Durante os 30 dias de setembro, nenhum homicídio foi registrado em Gravataí. Considerando que também não foram confirmados assassinatos na primeira semana de outubro o município já completa mais de um mês sem crimes contra a vida. No dia 10 de outubro a cidade deve completar 60 dias sem os crimes contra a vida. O último foi registrado no dia 10 de agosto.
De acordo com o comandante do 17º Batalhão de Polícia Militar, major Daniel Araújo, um caso chegou a ser tratado como homicídio, mas foi descartado. “Na última reunião do RS Seguro, o delegado confirmou. Um corpo que tinha sido encontrado na ERS-030, tratava-se de atropelamento. Em um primeiro momento, pensamos que pudesse ser homicídio”, revela.
O comandante do policiamento ostensivo da cidade ainda destaca a dificuldade para a prevenção deste tipo de crime. “É o mais difícil, normalmente é violento, premeditado”.
O caso no qual Araújo se refere é a morte de Osvaldo Melo Nunes, de 35 anos, ocorrida no dia 5 de setembro, na altura da parada 103. No entanto, a polícia descartou o crime por espancamento, e trata o caso como atropelamento.
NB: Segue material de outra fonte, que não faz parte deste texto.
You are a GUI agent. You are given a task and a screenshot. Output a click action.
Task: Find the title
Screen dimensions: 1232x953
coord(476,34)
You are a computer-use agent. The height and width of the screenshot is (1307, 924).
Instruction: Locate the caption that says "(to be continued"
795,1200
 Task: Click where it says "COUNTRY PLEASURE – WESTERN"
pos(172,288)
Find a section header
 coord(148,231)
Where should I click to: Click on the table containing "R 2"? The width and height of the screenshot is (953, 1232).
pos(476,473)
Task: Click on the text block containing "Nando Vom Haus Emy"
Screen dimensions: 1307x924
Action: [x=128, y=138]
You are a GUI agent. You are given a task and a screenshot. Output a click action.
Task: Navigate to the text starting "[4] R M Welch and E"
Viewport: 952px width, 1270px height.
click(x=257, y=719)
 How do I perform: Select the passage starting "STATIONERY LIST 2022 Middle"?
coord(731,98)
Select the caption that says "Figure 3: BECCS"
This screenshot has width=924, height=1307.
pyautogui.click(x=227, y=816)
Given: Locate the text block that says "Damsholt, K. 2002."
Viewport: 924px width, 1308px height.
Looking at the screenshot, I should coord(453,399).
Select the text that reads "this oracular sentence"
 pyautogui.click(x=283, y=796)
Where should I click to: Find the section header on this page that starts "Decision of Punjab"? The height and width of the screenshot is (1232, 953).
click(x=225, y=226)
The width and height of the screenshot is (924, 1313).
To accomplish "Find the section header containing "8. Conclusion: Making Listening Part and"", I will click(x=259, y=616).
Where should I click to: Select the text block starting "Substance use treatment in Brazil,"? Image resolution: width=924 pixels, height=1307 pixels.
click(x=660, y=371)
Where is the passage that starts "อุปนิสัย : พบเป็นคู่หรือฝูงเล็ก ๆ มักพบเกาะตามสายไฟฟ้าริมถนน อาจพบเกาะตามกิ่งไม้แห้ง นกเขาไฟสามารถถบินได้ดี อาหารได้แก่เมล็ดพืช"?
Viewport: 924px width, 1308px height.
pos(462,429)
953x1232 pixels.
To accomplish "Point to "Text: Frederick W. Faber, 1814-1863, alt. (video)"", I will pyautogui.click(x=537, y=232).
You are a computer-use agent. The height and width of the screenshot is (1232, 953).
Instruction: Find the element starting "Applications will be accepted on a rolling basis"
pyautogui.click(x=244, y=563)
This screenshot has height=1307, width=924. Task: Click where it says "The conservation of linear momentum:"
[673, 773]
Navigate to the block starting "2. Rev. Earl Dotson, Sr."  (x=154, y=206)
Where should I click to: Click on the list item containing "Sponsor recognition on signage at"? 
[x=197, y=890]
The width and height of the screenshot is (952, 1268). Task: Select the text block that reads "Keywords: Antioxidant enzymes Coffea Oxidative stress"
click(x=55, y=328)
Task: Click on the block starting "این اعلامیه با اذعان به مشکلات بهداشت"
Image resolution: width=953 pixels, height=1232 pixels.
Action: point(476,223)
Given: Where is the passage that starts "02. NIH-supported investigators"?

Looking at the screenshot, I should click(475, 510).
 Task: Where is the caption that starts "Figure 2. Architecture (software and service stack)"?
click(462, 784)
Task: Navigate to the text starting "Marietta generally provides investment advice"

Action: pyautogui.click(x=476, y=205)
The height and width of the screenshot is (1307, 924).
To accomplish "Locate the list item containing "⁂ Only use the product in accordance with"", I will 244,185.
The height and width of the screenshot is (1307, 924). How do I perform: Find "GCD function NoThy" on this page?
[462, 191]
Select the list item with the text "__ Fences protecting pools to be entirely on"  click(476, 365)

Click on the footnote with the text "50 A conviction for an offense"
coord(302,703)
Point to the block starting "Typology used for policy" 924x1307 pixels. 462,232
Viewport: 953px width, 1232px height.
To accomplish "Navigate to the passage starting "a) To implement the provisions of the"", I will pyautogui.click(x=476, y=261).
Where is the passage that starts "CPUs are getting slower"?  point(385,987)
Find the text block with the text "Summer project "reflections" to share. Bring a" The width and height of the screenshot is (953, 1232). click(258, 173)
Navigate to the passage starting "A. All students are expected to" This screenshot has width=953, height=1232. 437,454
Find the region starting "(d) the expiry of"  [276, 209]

Entendo a queda nos índices
“Temos que tomar medidas preliminares, como implementar pontos de presença policial, com a viatura, com policial, com o sistema luminoso, para que ele se torne visível, se torne um referencial”, comenta o major.
Segundo o comandante, o batalhão tem intensificado ações para as apreensões de armas, prisões de foragidos e localização de pontos de tráfico. A atuação de policiais militares em motos e bicicletas é outro ponto destacado pelo major, tanto na questão da mobilidade, quanto da visibilidade e presença da Brigada Militar nas ruas e praças. “A população sabe onde encontrar um policial. E se um criminoso sai de um bairro X e decide ir ao bairro Y para matar alguém, ele chega, percebe o policiamento e não pode realizar a ação”, analisa.
Araújo também comemora a redução de outros índices criminais. “As ações têm reflexos em diversos setores. Em agosto, nós zeramos os roubos a estabelecimentos comerciais. Em setembro tivemos um caso, mas conseguimos prender os autores, recuperamos os bens e devolvemos para os seus donos”, conta.